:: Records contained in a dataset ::
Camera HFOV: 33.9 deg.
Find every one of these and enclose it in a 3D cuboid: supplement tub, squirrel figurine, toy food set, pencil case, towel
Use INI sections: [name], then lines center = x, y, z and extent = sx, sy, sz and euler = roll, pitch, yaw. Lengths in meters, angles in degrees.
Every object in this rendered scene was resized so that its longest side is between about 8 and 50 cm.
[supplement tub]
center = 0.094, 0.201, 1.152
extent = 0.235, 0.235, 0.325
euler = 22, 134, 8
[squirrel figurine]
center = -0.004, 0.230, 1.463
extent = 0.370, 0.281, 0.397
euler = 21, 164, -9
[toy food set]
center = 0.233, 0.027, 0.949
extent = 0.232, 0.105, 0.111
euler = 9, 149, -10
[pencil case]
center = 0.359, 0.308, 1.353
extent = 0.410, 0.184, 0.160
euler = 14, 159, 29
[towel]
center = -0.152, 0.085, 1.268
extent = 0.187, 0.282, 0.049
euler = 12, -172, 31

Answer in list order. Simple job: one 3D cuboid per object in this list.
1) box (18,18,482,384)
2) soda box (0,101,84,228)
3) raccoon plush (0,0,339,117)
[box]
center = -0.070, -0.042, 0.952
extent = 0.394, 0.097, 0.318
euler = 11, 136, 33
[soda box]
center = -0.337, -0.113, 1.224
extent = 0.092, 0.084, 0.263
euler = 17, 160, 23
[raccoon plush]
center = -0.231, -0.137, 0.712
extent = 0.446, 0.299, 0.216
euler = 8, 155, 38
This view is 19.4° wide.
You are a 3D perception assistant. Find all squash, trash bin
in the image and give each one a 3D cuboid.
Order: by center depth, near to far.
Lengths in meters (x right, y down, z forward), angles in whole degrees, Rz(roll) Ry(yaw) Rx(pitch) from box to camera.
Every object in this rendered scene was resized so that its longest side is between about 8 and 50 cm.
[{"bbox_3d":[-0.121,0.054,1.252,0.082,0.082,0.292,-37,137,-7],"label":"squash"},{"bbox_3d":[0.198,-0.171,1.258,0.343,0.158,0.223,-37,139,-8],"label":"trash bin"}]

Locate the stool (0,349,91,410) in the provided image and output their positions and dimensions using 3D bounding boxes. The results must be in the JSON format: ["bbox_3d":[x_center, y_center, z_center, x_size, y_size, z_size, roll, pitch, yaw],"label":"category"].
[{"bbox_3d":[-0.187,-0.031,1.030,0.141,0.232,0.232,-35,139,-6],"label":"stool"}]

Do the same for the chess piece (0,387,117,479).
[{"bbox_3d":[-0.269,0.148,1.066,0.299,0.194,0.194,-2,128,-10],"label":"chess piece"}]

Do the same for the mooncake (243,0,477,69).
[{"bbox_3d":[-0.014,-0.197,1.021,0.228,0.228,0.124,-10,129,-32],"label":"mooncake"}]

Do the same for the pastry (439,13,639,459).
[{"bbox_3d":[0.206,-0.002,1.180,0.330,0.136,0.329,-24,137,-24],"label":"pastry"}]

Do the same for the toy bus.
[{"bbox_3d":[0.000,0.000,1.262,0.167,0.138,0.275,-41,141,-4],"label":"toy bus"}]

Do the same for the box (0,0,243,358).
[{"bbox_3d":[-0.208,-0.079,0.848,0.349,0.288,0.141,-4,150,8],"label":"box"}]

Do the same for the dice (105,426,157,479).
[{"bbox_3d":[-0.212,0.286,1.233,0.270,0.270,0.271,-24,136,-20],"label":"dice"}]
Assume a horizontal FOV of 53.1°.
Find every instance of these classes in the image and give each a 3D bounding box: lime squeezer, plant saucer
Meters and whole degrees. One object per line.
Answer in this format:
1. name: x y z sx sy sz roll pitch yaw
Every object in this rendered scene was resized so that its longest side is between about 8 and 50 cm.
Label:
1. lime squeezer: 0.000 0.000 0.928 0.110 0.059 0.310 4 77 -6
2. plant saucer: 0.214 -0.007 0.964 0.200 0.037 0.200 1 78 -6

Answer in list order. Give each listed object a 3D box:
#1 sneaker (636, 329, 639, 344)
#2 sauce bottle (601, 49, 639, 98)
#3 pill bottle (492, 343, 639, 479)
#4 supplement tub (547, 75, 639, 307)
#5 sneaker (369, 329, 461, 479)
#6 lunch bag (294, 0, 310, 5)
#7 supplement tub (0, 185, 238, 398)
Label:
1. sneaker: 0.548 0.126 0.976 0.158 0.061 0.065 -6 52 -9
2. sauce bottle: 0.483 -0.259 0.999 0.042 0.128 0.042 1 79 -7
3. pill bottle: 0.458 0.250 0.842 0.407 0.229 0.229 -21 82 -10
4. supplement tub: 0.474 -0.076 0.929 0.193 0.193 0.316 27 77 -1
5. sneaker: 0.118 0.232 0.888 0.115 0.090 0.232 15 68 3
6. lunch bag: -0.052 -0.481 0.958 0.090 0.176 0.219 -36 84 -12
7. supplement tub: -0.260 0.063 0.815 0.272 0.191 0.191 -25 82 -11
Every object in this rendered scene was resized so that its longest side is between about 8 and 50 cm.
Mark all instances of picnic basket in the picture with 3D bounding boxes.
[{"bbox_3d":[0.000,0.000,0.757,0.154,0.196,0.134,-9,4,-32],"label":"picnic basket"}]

:: Task goal ::
The required output is a copy of each line in the records where the string "Lengths" occurs.

:: Answer for this exercise ::
Use INI sections: [name], then lines center = x, y, z and extent = sx, sy, sz and euler = roll, pitch, yaw. Lengths in meters, angles in degrees.
Lengths in meters (x right, y down, z forward), angles in whole degrees, Rz(roll) Ry(yaw) Rx(pitch) from box to camera.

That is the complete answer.